SNDBOX

Use the SNDBOX integration to detect and analyze potentially malicious files.

SNDBOX Playbook

  • Detonate File - SNDBOX

Use Cases

  • Sample a file.
  • Get information on an old analysis.

Supported File Types

SNDBOX supports the following file types:

  • Microsoft (2003 and earlier): doc, dot, xls, csv, xlt, xlm, ppt, pot, pps
  • Microsoft (2007 and later): docx, docm, dotx, dotm, dotm, xlsx, xlsm, xltx, xltm, xlsb, xla, xlam, iqy, pptx, pptm, potx, ppsx, xml
  • Other: pe32, rtf, pdf, vbs, vbe, ps1, js, lnk, html, bat

Configure SNDBOX on Demisto

  1. Navigate to Settings > Integrations > Servers & Services .
  2. Search for SNDBOX.
  3. Click Add instance to create and configure a new integration instance.
    • Name : a textual name for the integration instance.
    • Use Public API Key. (By approving SNDBOX public API you are accepting SNDBOX TOS @ https://app.sndbox.com/tos). Public submissions are shared with the community
    • Private API Key
    • Use system proxy settings
    • Trust any certificate (not secure)
    • Max.
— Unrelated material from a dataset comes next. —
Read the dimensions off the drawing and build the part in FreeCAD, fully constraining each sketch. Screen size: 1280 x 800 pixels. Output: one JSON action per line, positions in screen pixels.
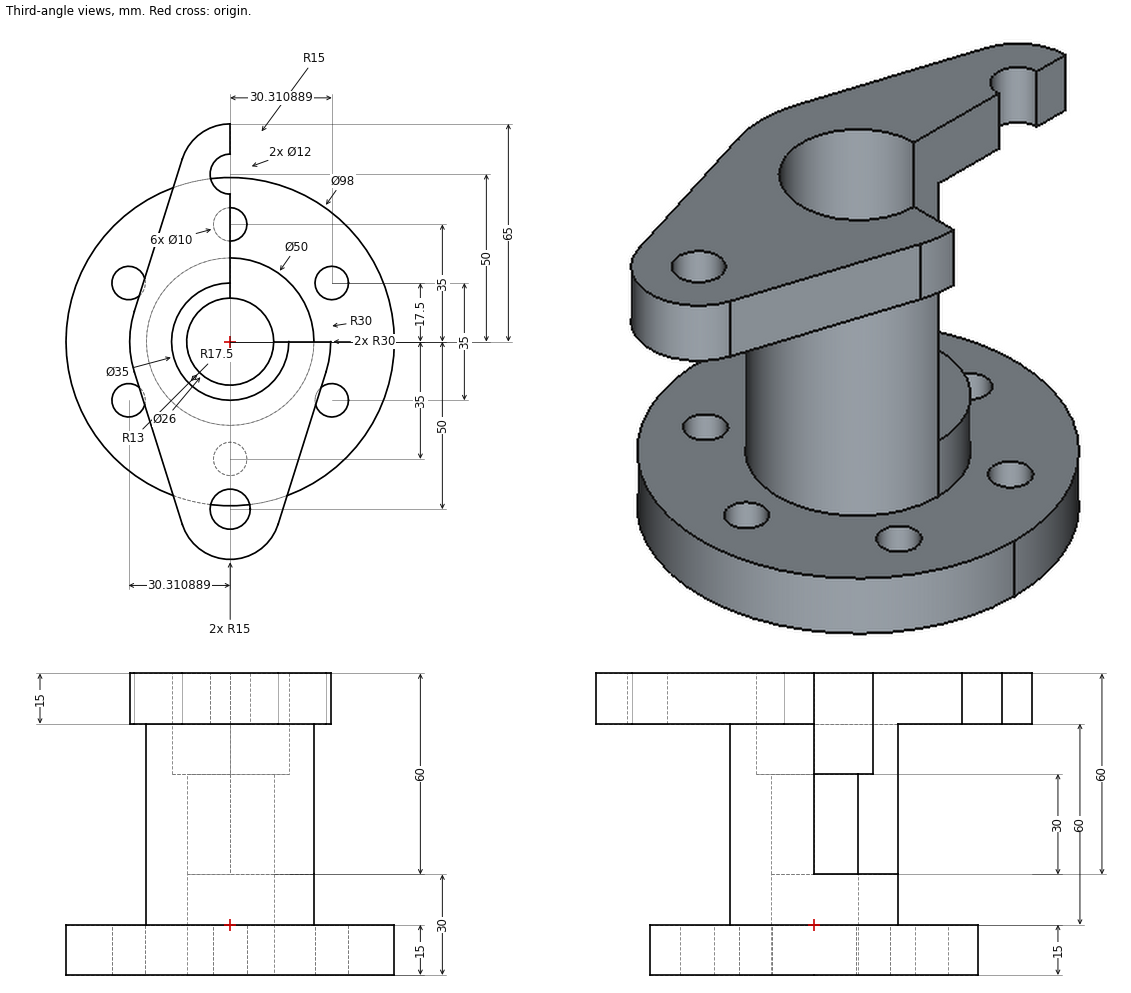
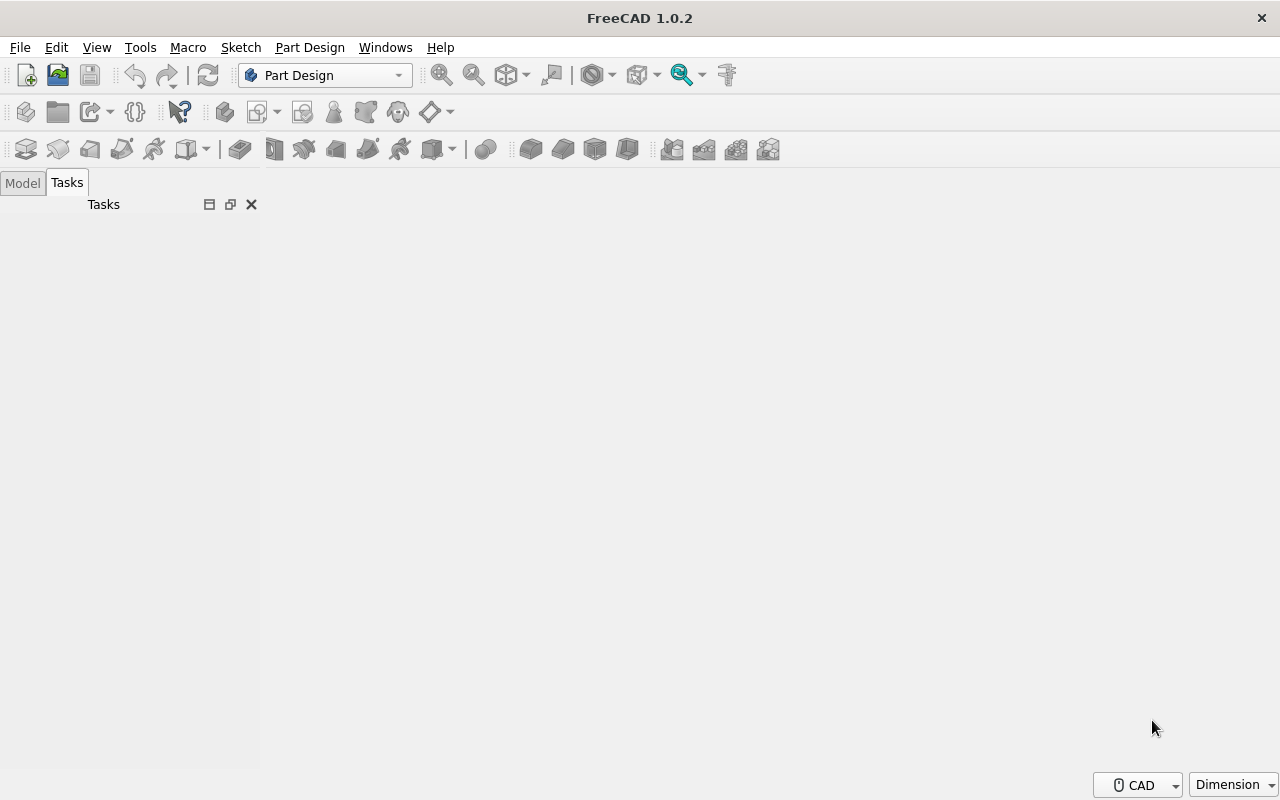
{"action": "left_click", "coordinate": [616, 112]}

Polling Time (in seconds):
    • Verbose (show log in case of error)
  4. Click Test to validate the URLs, token, and connection.

Commands

You can execute these commands from the Demisto CLI, as part of an automation, or in a playbook. After you successfully execute a command, a DBot message appears in the War Room with the command details.
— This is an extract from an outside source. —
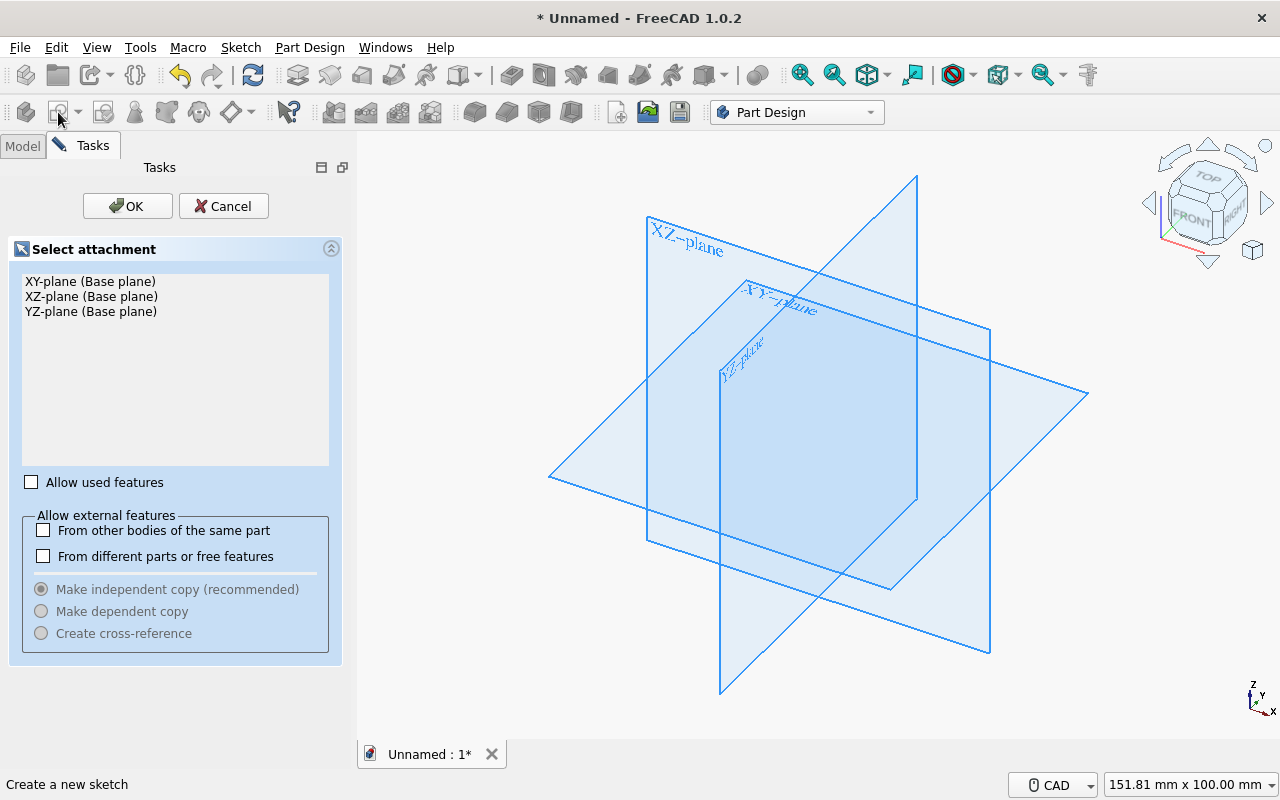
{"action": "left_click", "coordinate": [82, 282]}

  1. Check SNDBOX status: sndbox-is-online
  2. Get information for an analysis: sndbox-analysis-info
  3. Submit a sample for analysis: sndbox-analysis-submit-sample
  4. Download a report resource: sndbox-download-report
  5. (Deprecated) Detonate a report: sndbox-detonate-file
  6. Download a file sample of an analysis: sndbox-download-sample

1. Check SNDBOX status


Checks if SNDBOX is online or in maintenance mode.

Base Command

sndbox-is-online

Input

There is no input for this command.

Context Output

There is no context output for this command.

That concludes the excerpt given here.